We got seats in the lawn section. So, we made a point to bring a blanket to sit on. We also grabbed a cooler with some beer and snacks. Yes, you can bring in your own coolers with alcohol, other beverages and food! It makes for a very cool experience. We saw folks bring in wine and cheese plates and veritable buffets of delicious food.
There is a small section up at the top of the lawn for those who bring lawn chairs. Further down on the lawn, there are no raised chairs allowed. That said, you can rent reclining lawn cushions (or bring your own). We found them pretty comfortable.
You can also get food and drinks inside the venue. The food menu was pretty stout and we got a good dinner for about $50. Just note you cannot take food into the covered seats and drinks must be in covered Wolf Trap cups.
The gates for the lawn open 90 minutes before the show, allowing plenty of time to enjoy dinner before the show begins. If you want a good seat on the lawn, you will want to get in line before the gates open.

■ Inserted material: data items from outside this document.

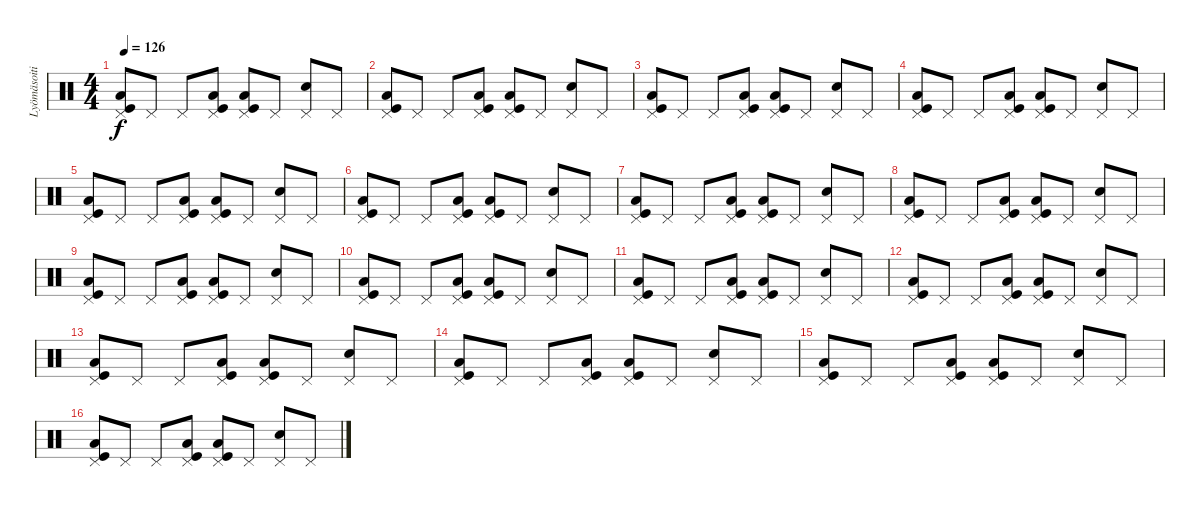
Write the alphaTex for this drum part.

\track ("Lyömäsoitin" "Lyömäsoiti") {instrument percussion}
\staff {score}
\articulation defaults
\ts (4 4)
\tempo 126
\clef neutral
\ks c
("Kick (hit)" "Low Floor Tom (hit)" "Pedal Hi-Hat (hit)").8{dy f} "Pedal Hi-Hat (hit)".8 "Pedal Hi-Hat (hit)".8 ("Kick (hit)" "Low Floor Tom (hit)" "Pedal Hi-Hat (hit)").8 ("Kick (hit)" "Low Floor Tom (hit)" "Pedal Hi-Hat (hit)").8 "Pedal Hi-Hat (hit)".8 ("Snare (hit) 2" "Pedal Hi-Hat (hit)").8 "Pedal Hi-Hat (hit)".8 |
("Kick (hit)" "Low Floor Tom (hit)" "Pedal Hi-Hat (hit)").8 "Pedal Hi-Hat (hit)".8 "Pedal Hi-Hat (hit)".8 ("Kick (hit)" "Low Floor Tom (hit)" "Pedal Hi-Hat (hit)").8 ("Kick (hit)" "Low Floor Tom (hit)" "Pedal Hi-Hat (hit)").8 "Pedal Hi-Hat (hit)".8 ("Snare (hit) 2" "Pedal Hi-Hat (hit)").8 "Pedal Hi-Hat (hit)".8 |
("Kick (hit)" "Low Floor Tom (hit)" "Pedal Hi-Hat (hit)").8 "Pedal Hi-Hat (hit)".8 "Pedal Hi-Hat (hit)".8 ("Kick (hit)" "Low Floor Tom (hit)" "Pedal Hi-Hat (hit)").8 ("Kick (hit)" "Low Floor Tom (hit)" "Pedal Hi-Hat (hit)").8 "Pedal Hi-Hat (hit)".8 ("Snare (hit) 2" "Pedal Hi-Hat (hit)").8 "Pedal Hi-Hat (hit)".8 |
("Kick (hit)" "Low Floor Tom (hit)" "Pedal Hi-Hat (hit)").8 "Pedal Hi-Hat (hit)".8 "Pedal Hi-Hat (hit)".8 ("Kick (hit)" "Low Floor Tom (hit)" "Pedal Hi-Hat (hit)").8 ("Kick (hit)" "Low Floor Tom (hit)" "Pedal Hi-Hat (hit)").8 "Pedal Hi-Hat (hit)".8 ("Snare (hit) 2" "Pedal Hi-Hat (hit)").8 "Pedal Hi-Hat (hit)".8 |
("Kick (hit)" "Low Floor Tom (hit)" "Pedal Hi-Hat (hit)").8 "Pedal Hi-Hat (hit)".8 "Pedal Hi-Hat (hit)".8 ("Kick (hit)" "Low Floor Tom (hit)" "Pedal Hi-Hat (hit)").8 ("Kick (hit)" "Low Floor Tom (hit)" "Pedal Hi-Hat (hit)").8 "Pedal Hi-Hat (hit)".8 ("Snare (hit) 2" "Pedal Hi-Hat (hit)").8 "Pedal Hi-Hat (hit)".8 |
("Kick (hit)" "Low Floor Tom (hit)" "Pedal Hi-Hat (hit)").8 "Pedal Hi-Hat (hit)".8 "Pedal Hi-Hat (hit)".8 ("Kick (hit)" "Low Floor Tom (hit)" "Pedal Hi-Hat (hit)").8 ("Kick (hit)" "Low Floor Tom (hit)" "Pedal Hi-Hat (hit)").8 "Pedal Hi-Hat (hit)".8 ("Snare (hit) 2" "Pedal Hi-Hat (hit)").8 "Pedal Hi-Hat (hit)".8 |
("Kick (hit)" "Low Floor Tom (hit)" "Pedal Hi-Hat (hit)").8 "Pedal Hi-Hat (hit)".8 "Pedal Hi-Hat (hit)".8 ("Kick (hit)" "Low Floor Tom (hit)" "Pedal Hi-Hat (hit)").8 ("Kick (hit)" "Low Floor Tom (hit)" "Pedal Hi-Hat (hit)").8 "Pedal Hi-Hat (hit)".8 ("Snare (hit) 2" "Pedal Hi-Hat (hit)").8 "Pedal Hi-Hat (hit)".8 |
("Kick (hit)" "Low Floor Tom (hit)" "Pedal Hi-Hat (hit)").8 "Pedal Hi-Hat (hit)".8 "Pedal Hi-Hat (hit)".8 ("Kick (hit)" "Low Floor Tom (hit)" "Pedal Hi-Hat (hit)").8 ("Kick (hit)" "Low Floor Tom (hit)" "Pedal Hi-Hat (hit)").8 "Pedal Hi-Hat (hit)".8 ("Snare (hit) 2" "Pedal Hi-Hat (hit)").8 "Pedal Hi-Hat (hit)".8 |
("Kick (hit)" "Low Floor Tom (hit)" "Pedal Hi-Hat (hit)").8 "Pedal Hi-Hat (hit)".8 "Pedal Hi-Hat (hit)".8 ("Kick (hit)" "Low Floor Tom (hit)" "Pedal Hi-Hat (hit)").8 ("Kick (hit)" "Low Floor Tom (hit)" "Pedal Hi-Hat (hit)").8 "Pedal Hi-Hat (hit)".8 ("Snare (hit) 2" "Pedal Hi-Hat (hit)").8 "Pedal Hi-Hat (hit)".8 |
("Kick (hit)" "Low Floor Tom (hit)" "Pedal Hi-Hat (hit)").8 "Pedal Hi-Hat (hit)".8 "Pedal Hi-Hat (hit)".8 ("Kick (hit)" "Low Floor Tom (hit)" "Pedal Hi-Hat (hit)").8 ("Kick (hit)" "Low Floor Tom (hit)" "Pedal Hi-Hat (hit)").8 "Pedal Hi-Hat (hit)".8 ("Snare (hit) 2" "Pedal Hi-Hat (hit)").8 "Pedal Hi-Hat (hit)".8 |
("Kick (hit)" "Low Floor Tom (hit)" "Pedal Hi-Hat (hit)").8 "Pedal Hi-Hat (hit)".8 "Pedal Hi-Hat (hit)".8 ("Kick (hit)" "Low Floor Tom (hit)" "Pedal Hi-Hat (hit)").8 ("Kick (hit)" "Low Floor Tom (hit)" "Pedal Hi-Hat (hit)").8 "Pedal Hi-Hat (hit)".8 ("Snare (hit) 2" "Pedal Hi-Hat (hit)").8 "Pedal Hi-Hat (hit)".8 |
("Kick (hit)" "Low Floor Tom (hit)" "Pedal Hi-Hat (hit)").8 "Pedal Hi-Hat (hit)".8 "Pedal Hi-Hat (hit)".8 ("Kick (hit)" "Low Floor Tom (hit)" "Pedal Hi-Hat (hit)").8 ("Kick (hit)" "Low Floor Tom (hit)" "Pedal Hi-Hat (hit)").8 "Pedal Hi-Hat (hit)".8 ("Snare (hit) 2" "Pedal Hi-Hat (hit)").8 "Pedal Hi-Hat (hit)".8 |
("Kick (hit)" "Low Floor Tom (hit)" "Pedal Hi-Hat (hit)").8 "Pedal Hi-Hat (hit)".8 "Pedal Hi-Hat (hit)".8 ("Kick (hit)" "Low Floor Tom (hit)" "Pedal Hi-Hat (hit)").8 ("Kick (hit)" "Low Floor Tom (hit)" "Pedal Hi-Hat (hit)").8 "Pedal Hi-Hat (hit)".8 ("Snare (hit) 2" "Pedal Hi-Hat (hit)").8 "Pedal Hi-Hat (hit)".8 |
("Kick (hit)" "Low Floor Tom (hit)" "Pedal Hi-Hat (hit)").8 "Pedal Hi-Hat (hit)".8 "Pedal Hi-Hat (hit)".8 ("Kick (hit)" "Low Floor Tom (hit)" "Pedal Hi-Hat (hit)").8 ("Kick (hit)" "Low Floor Tom (hit)" "Pedal Hi-Hat (hit)").8 "Pedal Hi-Hat (hit)".8 ("Snare (hit) 2" "Pedal Hi-Hat (hit)").8 "Pedal Hi-Hat (hit)".8 |
("Kick (hit)" "Low Floor Tom (hit)" "Pedal Hi-Hat (hit)").8 "Pedal Hi-Hat (hit)".8 "Pedal Hi-Hat (hit)".8 ("Kick (hit)" "Low Floor Tom (hit)" "Pedal Hi-Hat (hit)").8 ("Kick (hit)" "Low Floor Tom (hit)" "Pedal Hi-Hat (hit)").8 "Pedal Hi-Hat (hit)".8 ("Snare (hit) 2" "Pedal Hi-Hat (hit)").8 "Pedal Hi-Hat (hit)".8 |
("Kick (hit)" "Low Floor Tom (hit)" "Pedal Hi-Hat (hit)").8 "Pedal Hi-Hat (hit)".8 "Pedal Hi-Hat (hit)".8 ("Kick (hit)" "Low Floor Tom (hit)" "Pedal Hi-Hat (hit)").8 ("Kick (hit)" "Low Floor Tom (hit)" "Pedal Hi-Hat (hit)").8 "Pedal Hi-Hat (hit)".8 ("Snare (hit) 2" "Pedal Hi-Hat (hit)").8 "Pedal Hi-Hat (hit)".8

There is also a full restaurant on site which offers reservations for dinner before the show and the remainder of the grounds are open for picnicking.
Where to Stay in the Area
Wolf Trap is located in the greater Washington DC area, so there are plenty of hotels nearby.
We were camping and found a really nice campground in Manassas, right next to Manassas National Battlefield Park, called Bull Run Regional Park. This is a large park that has a bit of everything: picnic tables and grilling areas, a shooting range, large open spaces, a water park and a nice campground.
We camped in one of the pull-through full hook-up sites. The site itself was not the best, at least for our camper. For starters, it was difficult to get into due to how the site was set up, with a tree at one end. Additionally, it was at all level.
Still, the campground was good overall and we would stay here again.
Final Thoughts on Visiting Wolf Trap
We visited Wolf Trap National Park for the Performing Arts as a bit of a detour before visiting Shenandoah National Park. Honestly, it would be better suited as part of a visit to Washington DC but we tend to visit cities in colder months and would miss out on seeing a show here.
We really enjoyed seeing a concert at Wolf Trap. It is a nice facility and is certainly an improvement from many of the amphitheaters we have seen concerts at in terms of the overall environment.
While we chose our show based on what was available when we were in town, the concert schedule at Wolf Trap is quite varied and you can likely find a show of your liking if you have a few days in town.
The Buddy Guy performance was spectacular, even for Bonnie who is not much of a blues fan. These performers were outstanding and the venue added a lot to the excellent performance.